Usually it's reasonable to maintain a set of platform specific code for initialisation and setup that performs all of the configuration and initialisation up to the point where your executive takes over and runs your application. It will also include platform specific hal routines.
The executive/application is probably maintained as a separate module. All of the hardware specific code should be hidden in the hal (as mentioned above).
By splitting your code up like this you also have the option of compiling and running your application as a simulation, on a completely different platform, just by replacing the hardware specific code with routines that mimic the hardware.
This can be good for unit testing and debugging and algorithmic problems you might have.
Exceptional circumstances as might be imposed by unusual compiler restrictions. eg. I've come across some compilers that expect all interrupt service routines to be compiled within a single object file.

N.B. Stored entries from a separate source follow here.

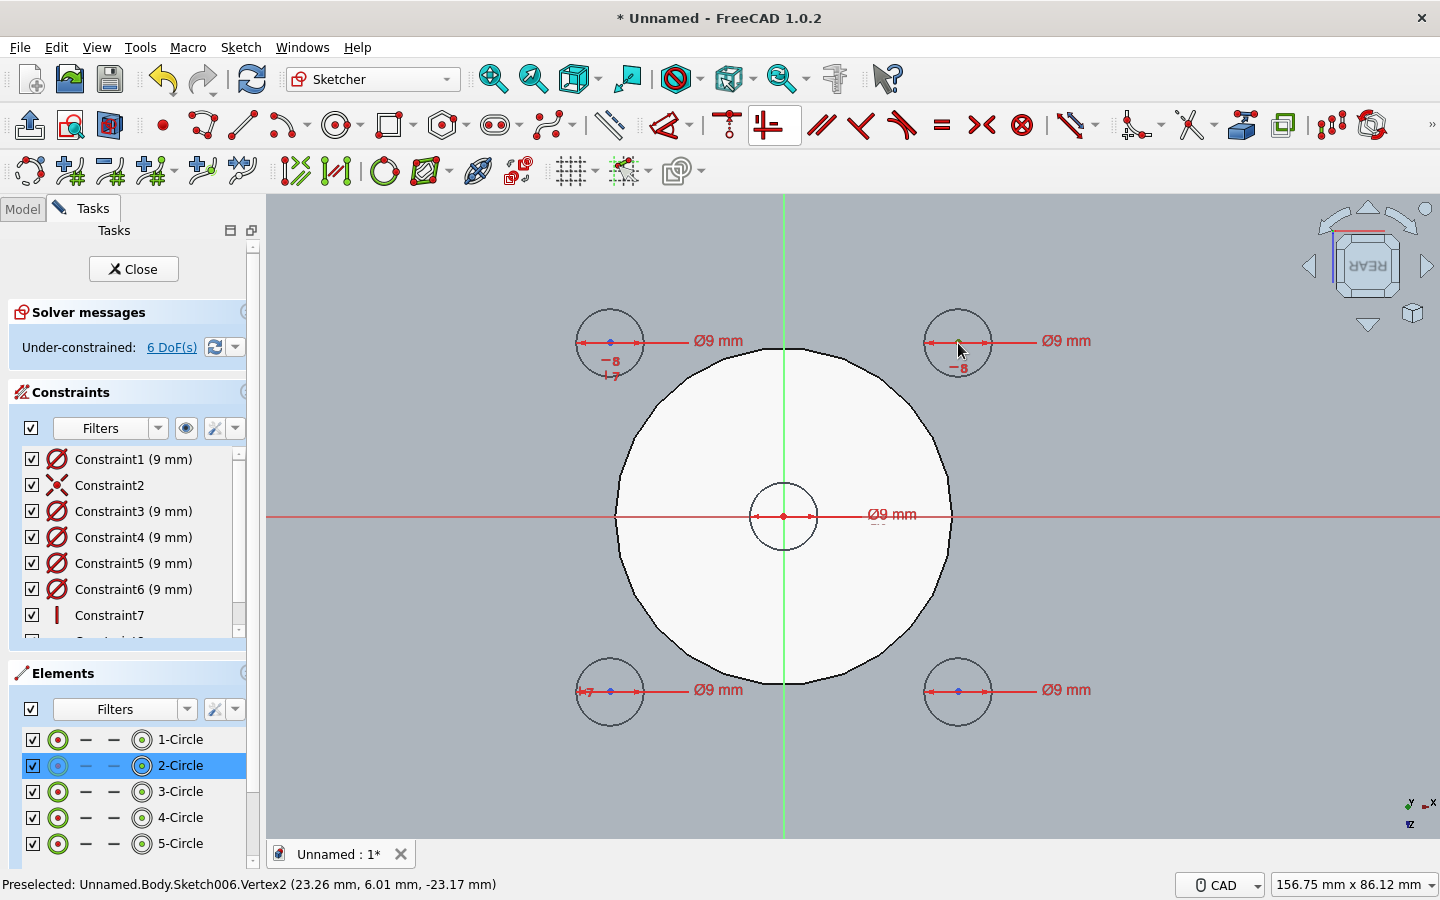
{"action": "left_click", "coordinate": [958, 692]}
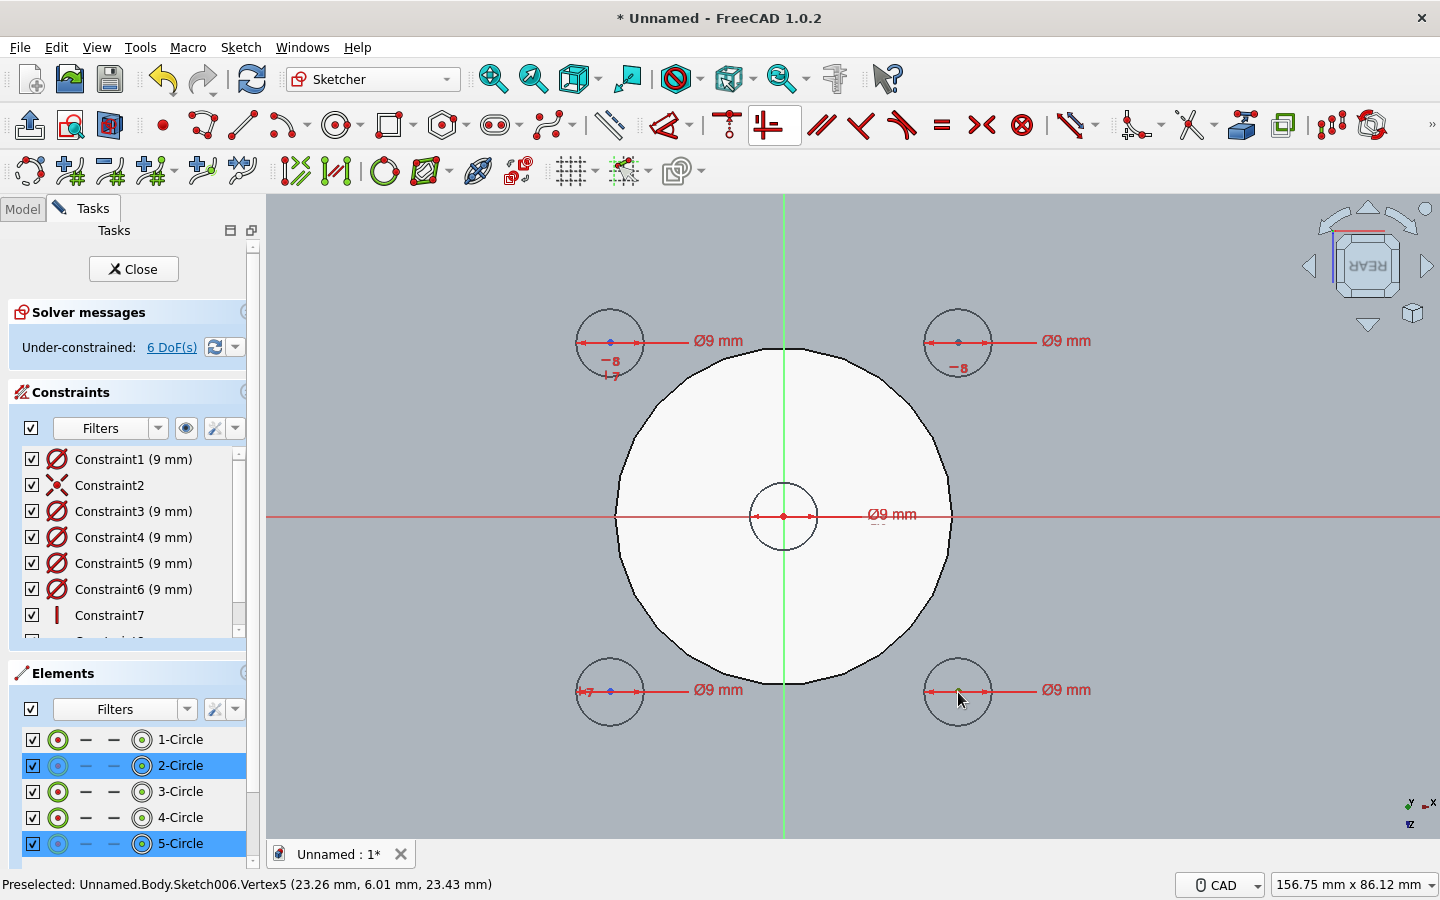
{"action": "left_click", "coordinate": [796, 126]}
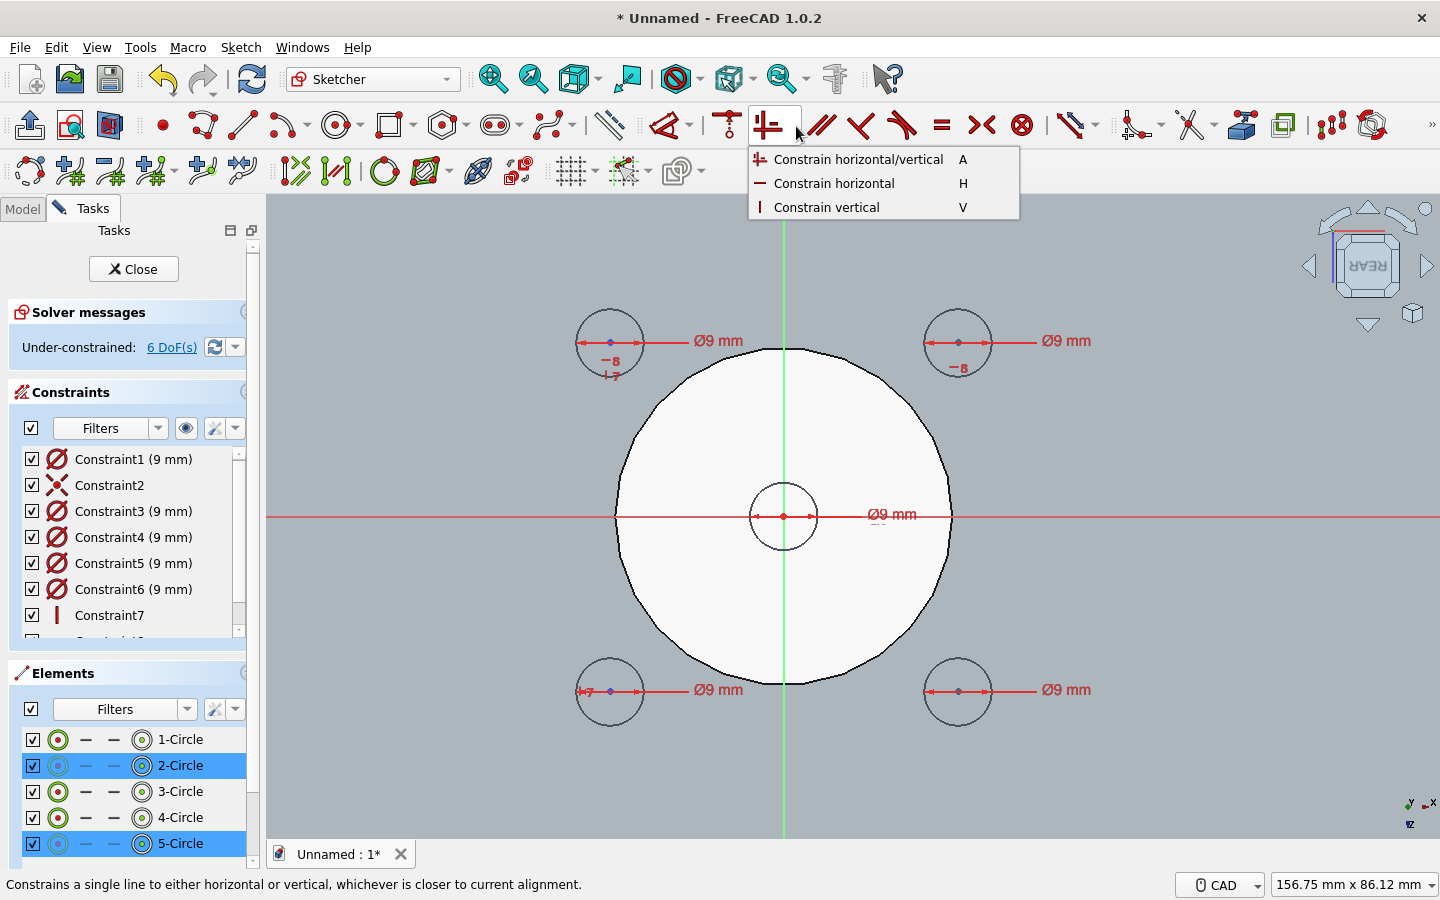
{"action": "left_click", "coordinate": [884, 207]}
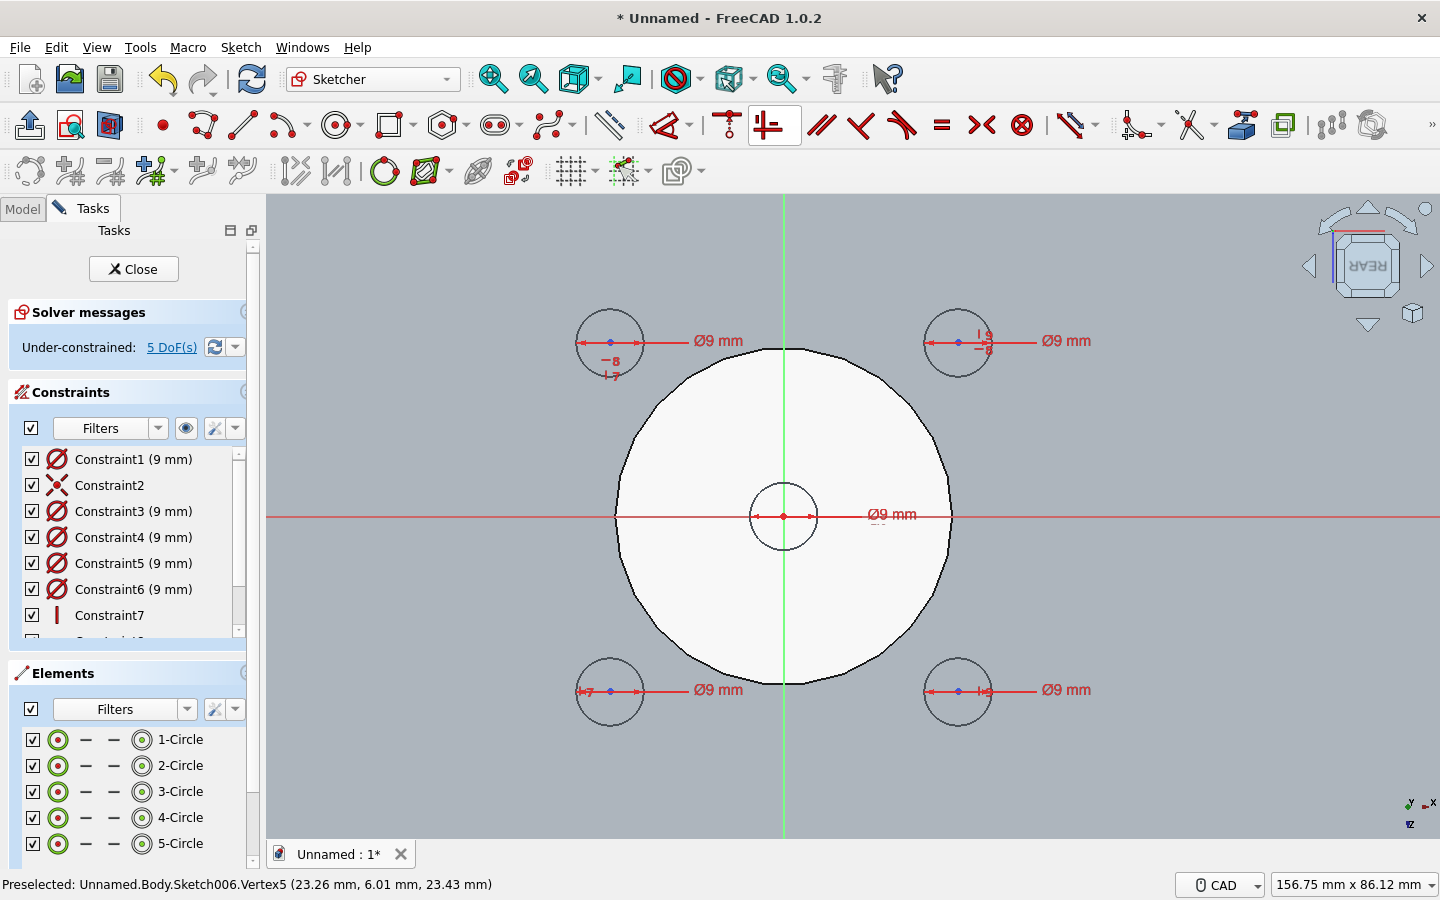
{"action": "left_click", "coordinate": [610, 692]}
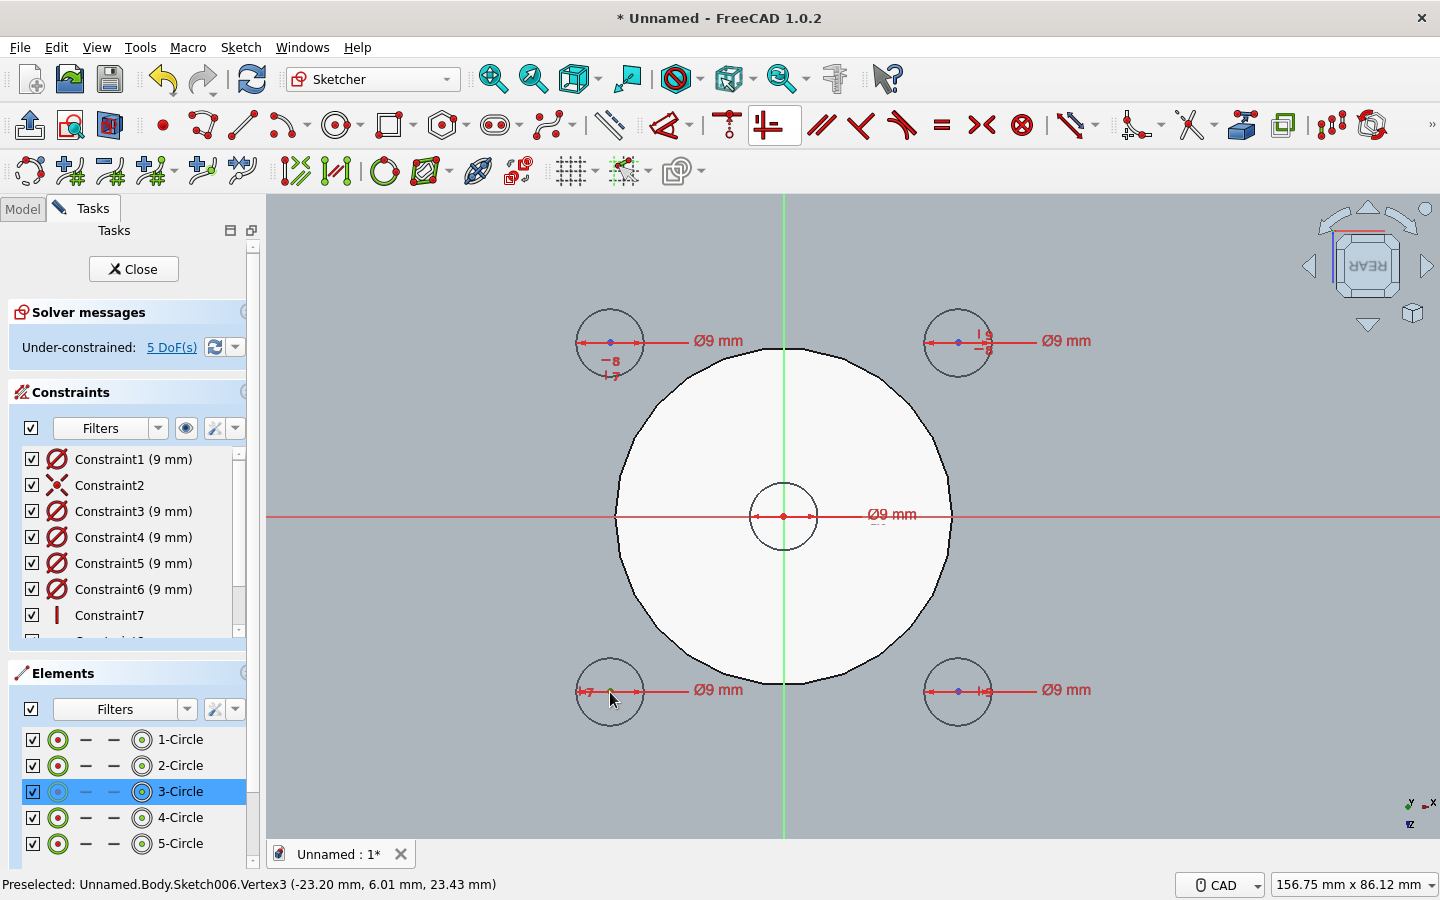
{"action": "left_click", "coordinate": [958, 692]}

I've worked with some sensors like the Tmote Sky, I too have seen poor organization, and I have to admit i have contributed to it. Anyway I'd say that some confusion has to be, because loading too much modules or too much part of program will be (imho) resource killing too, so try to be aware of a threshold between organization and usability on the low resources.
Obviously this don't mean let caos begin, but for example try to get a look on the organization of the tinyOS source code and applications, it's an idea on what I'm trying to say.
Although it is a bit painful, one organization technique that is somewhat common with embedded C libraries is to split every single function and variable into a separate C source file, and then aggregate the resulting collection of O files into a library file.
The motivation for doing this is that for most normal linkers the unit of linkage is an object, for every object you either get the whole object or none of it. Since there is a 1-1 relationship between C files and object files, putting each symbol in it's own C file gives each one it's own object. This in turn lets the linker pull in only that subset of functions and variables that are actually used.
This sort of game doesn't help at all for headers they can happily be left as single files.